» **What is being asked**:
Word for word, restate the entries that follow.

» **Supplied data**:
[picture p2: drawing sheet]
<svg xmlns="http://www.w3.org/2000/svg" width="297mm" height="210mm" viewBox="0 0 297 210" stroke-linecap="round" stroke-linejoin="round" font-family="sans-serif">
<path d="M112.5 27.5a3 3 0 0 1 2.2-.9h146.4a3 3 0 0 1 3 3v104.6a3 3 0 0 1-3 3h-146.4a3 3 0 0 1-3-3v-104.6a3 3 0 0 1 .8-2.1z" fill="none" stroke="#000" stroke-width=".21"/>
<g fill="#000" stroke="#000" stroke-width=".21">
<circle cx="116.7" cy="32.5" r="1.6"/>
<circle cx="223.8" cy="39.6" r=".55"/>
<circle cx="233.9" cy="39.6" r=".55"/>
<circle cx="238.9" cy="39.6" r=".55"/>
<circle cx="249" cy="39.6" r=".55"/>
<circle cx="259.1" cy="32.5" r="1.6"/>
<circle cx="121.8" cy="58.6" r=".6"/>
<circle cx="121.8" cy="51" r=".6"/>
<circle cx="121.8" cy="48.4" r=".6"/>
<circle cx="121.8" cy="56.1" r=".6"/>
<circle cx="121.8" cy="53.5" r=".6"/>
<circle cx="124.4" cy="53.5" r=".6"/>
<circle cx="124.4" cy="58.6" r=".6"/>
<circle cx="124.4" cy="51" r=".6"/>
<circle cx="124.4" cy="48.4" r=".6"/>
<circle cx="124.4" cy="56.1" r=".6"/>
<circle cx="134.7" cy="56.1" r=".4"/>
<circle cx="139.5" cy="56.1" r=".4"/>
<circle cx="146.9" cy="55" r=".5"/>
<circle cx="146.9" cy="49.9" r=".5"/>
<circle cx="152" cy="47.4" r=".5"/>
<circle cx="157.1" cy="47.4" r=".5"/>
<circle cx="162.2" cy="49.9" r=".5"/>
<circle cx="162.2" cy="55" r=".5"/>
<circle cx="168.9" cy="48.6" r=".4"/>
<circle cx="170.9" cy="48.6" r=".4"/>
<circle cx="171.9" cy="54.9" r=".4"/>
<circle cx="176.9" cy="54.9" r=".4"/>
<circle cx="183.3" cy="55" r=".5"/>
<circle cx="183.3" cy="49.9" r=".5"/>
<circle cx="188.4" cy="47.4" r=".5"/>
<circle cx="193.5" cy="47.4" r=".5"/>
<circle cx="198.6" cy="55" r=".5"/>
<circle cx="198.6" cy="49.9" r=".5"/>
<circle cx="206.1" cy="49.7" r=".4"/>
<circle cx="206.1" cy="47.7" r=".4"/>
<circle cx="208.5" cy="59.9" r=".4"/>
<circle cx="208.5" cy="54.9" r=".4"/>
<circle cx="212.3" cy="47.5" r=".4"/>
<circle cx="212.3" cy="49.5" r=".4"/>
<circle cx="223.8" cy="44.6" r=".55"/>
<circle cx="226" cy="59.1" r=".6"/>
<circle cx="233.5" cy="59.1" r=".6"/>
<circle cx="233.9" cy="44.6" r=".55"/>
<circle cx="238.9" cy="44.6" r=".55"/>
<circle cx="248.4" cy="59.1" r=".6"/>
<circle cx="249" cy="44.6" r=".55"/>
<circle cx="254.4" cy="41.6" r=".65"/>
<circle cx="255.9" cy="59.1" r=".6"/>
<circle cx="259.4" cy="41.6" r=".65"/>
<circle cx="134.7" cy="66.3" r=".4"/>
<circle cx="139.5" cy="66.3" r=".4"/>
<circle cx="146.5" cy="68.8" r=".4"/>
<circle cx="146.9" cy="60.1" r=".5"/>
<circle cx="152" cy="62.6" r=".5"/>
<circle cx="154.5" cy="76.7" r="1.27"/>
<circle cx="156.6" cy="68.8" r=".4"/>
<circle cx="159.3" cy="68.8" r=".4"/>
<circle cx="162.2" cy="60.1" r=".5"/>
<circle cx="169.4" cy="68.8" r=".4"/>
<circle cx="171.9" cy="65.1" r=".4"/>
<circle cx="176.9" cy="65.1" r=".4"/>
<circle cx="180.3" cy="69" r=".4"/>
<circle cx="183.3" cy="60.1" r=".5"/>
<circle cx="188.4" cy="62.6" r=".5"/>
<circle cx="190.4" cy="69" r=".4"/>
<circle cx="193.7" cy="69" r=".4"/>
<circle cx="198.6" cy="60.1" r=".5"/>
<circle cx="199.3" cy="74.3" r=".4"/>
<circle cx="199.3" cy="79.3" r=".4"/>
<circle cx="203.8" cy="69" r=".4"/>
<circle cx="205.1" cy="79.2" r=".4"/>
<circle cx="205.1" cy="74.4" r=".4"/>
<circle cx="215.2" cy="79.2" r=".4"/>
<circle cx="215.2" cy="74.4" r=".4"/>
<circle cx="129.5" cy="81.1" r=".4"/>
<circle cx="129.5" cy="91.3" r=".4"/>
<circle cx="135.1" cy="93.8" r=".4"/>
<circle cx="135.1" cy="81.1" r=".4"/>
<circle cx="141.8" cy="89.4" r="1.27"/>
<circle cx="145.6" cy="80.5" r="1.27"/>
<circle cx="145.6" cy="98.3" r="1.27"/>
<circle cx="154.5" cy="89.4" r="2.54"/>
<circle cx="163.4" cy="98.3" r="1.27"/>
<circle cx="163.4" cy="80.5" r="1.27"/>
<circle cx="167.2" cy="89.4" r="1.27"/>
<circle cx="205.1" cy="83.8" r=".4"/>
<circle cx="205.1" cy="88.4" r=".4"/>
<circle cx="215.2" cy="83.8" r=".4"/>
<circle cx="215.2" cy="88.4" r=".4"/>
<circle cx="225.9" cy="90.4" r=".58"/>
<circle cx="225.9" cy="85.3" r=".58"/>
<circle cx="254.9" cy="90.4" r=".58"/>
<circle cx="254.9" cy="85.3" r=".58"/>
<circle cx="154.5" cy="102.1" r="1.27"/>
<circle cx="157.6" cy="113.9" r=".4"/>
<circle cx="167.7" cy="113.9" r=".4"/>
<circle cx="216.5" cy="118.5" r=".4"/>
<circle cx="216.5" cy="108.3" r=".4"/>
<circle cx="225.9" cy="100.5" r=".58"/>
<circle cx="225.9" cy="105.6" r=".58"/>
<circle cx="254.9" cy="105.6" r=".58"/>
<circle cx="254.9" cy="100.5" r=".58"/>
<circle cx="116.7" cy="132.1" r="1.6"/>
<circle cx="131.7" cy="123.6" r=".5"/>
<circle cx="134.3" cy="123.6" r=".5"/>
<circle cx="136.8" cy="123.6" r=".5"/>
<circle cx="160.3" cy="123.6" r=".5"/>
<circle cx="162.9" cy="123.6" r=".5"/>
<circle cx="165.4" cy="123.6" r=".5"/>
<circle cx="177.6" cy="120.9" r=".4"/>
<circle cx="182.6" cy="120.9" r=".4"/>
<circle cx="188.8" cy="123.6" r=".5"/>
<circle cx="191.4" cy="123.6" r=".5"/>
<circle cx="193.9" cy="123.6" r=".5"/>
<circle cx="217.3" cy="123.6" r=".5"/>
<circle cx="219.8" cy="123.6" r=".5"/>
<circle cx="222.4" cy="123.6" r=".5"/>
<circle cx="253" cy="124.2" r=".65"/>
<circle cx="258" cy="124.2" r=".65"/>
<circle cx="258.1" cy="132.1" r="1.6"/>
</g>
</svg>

» **Response**:
[picture p2: drawing sheet]
<svg xmlns="http://www.w3.org/2000/svg" width="297mm" height="210mm" viewBox="0 0 297 210" stroke-linecap="round" stroke-linejoin="round" font-family="sans-serif">
<path d="M112.5 27.5a3 3 0 0 1 2.2-.9h146.4a3 3 0 0 1 3 3v104.6a3 3 0 0 1-3 3h-146.4a3 3 0 0 1-3-3v-104.6a3 3 0 0 1 .8-2.1z" fill="none" stroke="#000" stroke-width=".21"/>
<g fill="#000" stroke="#000" stroke-width=".21">
<circle cx="116.7" cy="32.5" r="1.6"/>
<circle cx="223.8" cy="39.6" r=".55"/>
<circle cx="233.9" cy="39.6" r=".55"/>
<circle cx="238.9" cy="39.6" r=".55"/>
<circle cx="249" cy="39.6" r=".55"/>
<circle cx="259.1" cy="32.5" r="1.6"/>
<circle cx="121.8" cy="58.6" r=".6"/>
<circle cx="121.8" cy="51" r=".6"/>
<circle cx="121.8" cy="48.4" r=".6"/>
<circle cx="121.8" cy="56.1" r=".6"/>
<circle cx="121.8" cy="53.5" r=".6"/>
<circle cx="124.4" cy="53.5" r=".6"/>
<circle cx="124.4" cy="58.6" r=".6"/>
<circle cx="124.4" cy="51" r=".6"/>
<circle cx="124.4" cy="48.4" r=".6"/>
<circle cx="124.4" cy="56.1" r=".6"/>
<circle cx="134.7" cy="56.1" r=".4"/>
<circle cx="139.5" cy="56.1" r=".4"/>
<circle cx="146.9" cy="55" r=".5"/>
<circle cx="146.9" cy="49.9" r=".5"/>
<circle cx="152" cy="47.4" r=".5"/>
<circle cx="157.1" cy="47.4" r=".5"/>
<circle cx="162.2" cy="49.9" r=".5"/>
<circle cx="162.2" cy="55" r=".5"/>
<circle cx="168.9" cy="48.6" r=".4"/>
<circle cx="170.9" cy="48.6" r=".4"/>
<circle cx="171.9" cy="54.9" r=".4"/>
<circle cx="176.9" cy="54.9" r=".4"/>
<circle cx="183.3" cy="55" r=".5"/>
<circle cx="183.3" cy="49.9" r=".5"/>
<circle cx="188.4" cy="47.4" r=".5"/>
<circle cx="193.5" cy="47.4" r=".5"/>
<circle cx="198.6" cy="55" r=".5"/>
<circle cx="198.6" cy="49.9" r=".5"/>
<circle cx="206.1" cy="49.7" r=".4"/>
<circle cx="206.1" cy="47.7" r=".4"/>
<circle cx="208.5" cy="59.9" r=".4"/>
<circle cx="208.5" cy="54.9" r=".4"/>
<circle cx="212.3" cy="47.5" r=".4"/>
<circle cx="212.3" cy="49.5" r=".4"/>
<circle cx="223.8" cy="44.6" r=".55"/>
<circle cx="226" cy="59.1" r=".6"/>
<circle cx="233.5" cy="59.1" r=".6"/>
<circle cx="233.9" cy="44.6" r=".55"/>
<circle cx="238.9" cy="44.6" r=".55"/>
<circle cx="248.4" cy="59.1" r=".6"/>
<circle cx="249" cy="44.6" r=".55"/>
<circle cx="254.4" cy="41.6" r=".65"/>
<circle cx="255.9" cy="59.1" r=".6"/>
<circle cx="259.4" cy="41.6" r=".65"/>
<circle cx="134.7" cy="66.3" r=".4"/>
<circle cx="139.5" cy="66.3" r=".4"/>
<circle cx="146.5" cy="68.8" r=".4"/>
<circle cx="146.9" cy="60.1" r=".5"/>
<circle cx="152" cy="62.6" r=".5"/>
<circle cx="154.5" cy="76.7" r="1.27"/>
<circle cx="156.6" cy="68.8" r=".4"/>
<circle cx="159.3" cy="68.8" r=".4"/>
<circle cx="162.2" cy="60.1" r=".5"/>
<circle cx="169.4" cy="68.8" r=".4"/>
<circle cx="171.9" cy="65.1" r=".4"/>
<circle cx="176.9" cy="65.1" r=".4"/>
<circle cx="180.3" cy="69" r=".4"/>
<circle cx="183.3" cy="60.1" r=".5"/>
<circle cx="188.4" cy="62.6" r=".5"/>
<circle cx="190.4" cy="69" r=".4"/>
<circle cx="193.7" cy="69" r=".4"/>
<circle cx="198.6" cy="60.1" r=".5"/>
<circle cx="199.3" cy="74.3" r=".4"/>
<circle cx="199.3" cy="79.3" r=".4"/>
<circle cx="203.8" cy="69" r=".4"/>
<circle cx="205.1" cy="79.2" r=".4"/>
<circle cx="205.1" cy="74.4" r=".4"/>
<circle cx="215.2" cy="79.2" r=".4"/>
<circle cx="215.2" cy="74.4" r=".4"/>
<circle cx="129.5" cy="81.1" r=".4"/>
<circle cx="129.5" cy="91.3" r=".4"/>
<circle cx="135.1" cy="93.8" r=".4"/>
<circle cx="135.1" cy="81.1" r=".4"/>
<circle cx="141.8" cy="89.4" r="1.27"/>
<circle cx="145.6" cy="80.5" r="1.27"/>
<circle cx="145.6" cy="98.3" r="1.27"/>
<circle cx="154.5" cy="89.4" r="2.54"/>
<circle cx="163.4" cy="98.3" r="1.27"/>
<circle cx="163.4" cy="80.5" r="1.27"/>
<circle cx="167.2" cy="89.4" r="1.27"/>
<circle cx="205.1" cy="83.8" r=".4"/>
<circle cx="205.1" cy="88.4" r=".4"/>
<circle cx="215.2" cy="83.8" r=".4"/>
<circle cx="215.2" cy="88.4" r=".4"/>
<circle cx="225.9" cy="90.4" r=".58"/>
<circle cx="225.9" cy="85.3" r=".58"/>
<circle cx="254.9" cy="90.4" r=".58"/>
<circle cx="254.9" cy="85.3" r=".58"/>
<circle cx="154.5" cy="102.1" r="1.27"/>
<circle cx="157.6" cy="113.9" r=".4"/>
<circle cx="167.7" cy="113.9" r=".4"/>
<circle cx="216.5" cy="118.5" r=".4"/>
<circle cx="216.5" cy="108.3" r=".4"/>
<circle cx="225.9" cy="100.5" r=".58"/>
<circle cx="225.9" cy="105.6" r=".58"/>
<circle cx="254.9" cy="105.6" r=".58"/>
<circle cx="254.9" cy="100.5" r=".58"/>
<circle cx="116.7" cy="132.1" r="1.6"/>
<circle cx="131.7" cy="123.6" r=".5"/>
<circle cx="134.3" cy="123.6" r=".5"/>
<circle cx="136.8" cy="123.6" r=".5"/>
<circle cx="160.3" cy="123.6" r=".5"/>
<circle cx="162.9" cy="123.6" r=".5"/>
<circle cx="165.4" cy="123.6" r=".5"/>
<circle cx="177.6" cy="120.9" r=".4"/>
<circle cx="182.6" cy="120.9" r=".4"/>
<circle cx="188.8" cy="123.6" r=".5"/>
<circle cx="191.4" cy="123.6" r=".5"/>
<circle cx="193.9" cy="123.6" r=".5"/>
<circle cx="217.3" cy="123.6" r=".5"/>
<circle cx="219.8" cy="123.6" r=".5"/>
<circle cx="222.4" cy="123.6" r=".5"/>
<circle cx="253" cy="124.2" r=".65"/>
<circle cx="258" cy="124.2" r=".65"/>
<circle cx="258.1" cy="132.1" r="1.6"/>
</g>
</svg>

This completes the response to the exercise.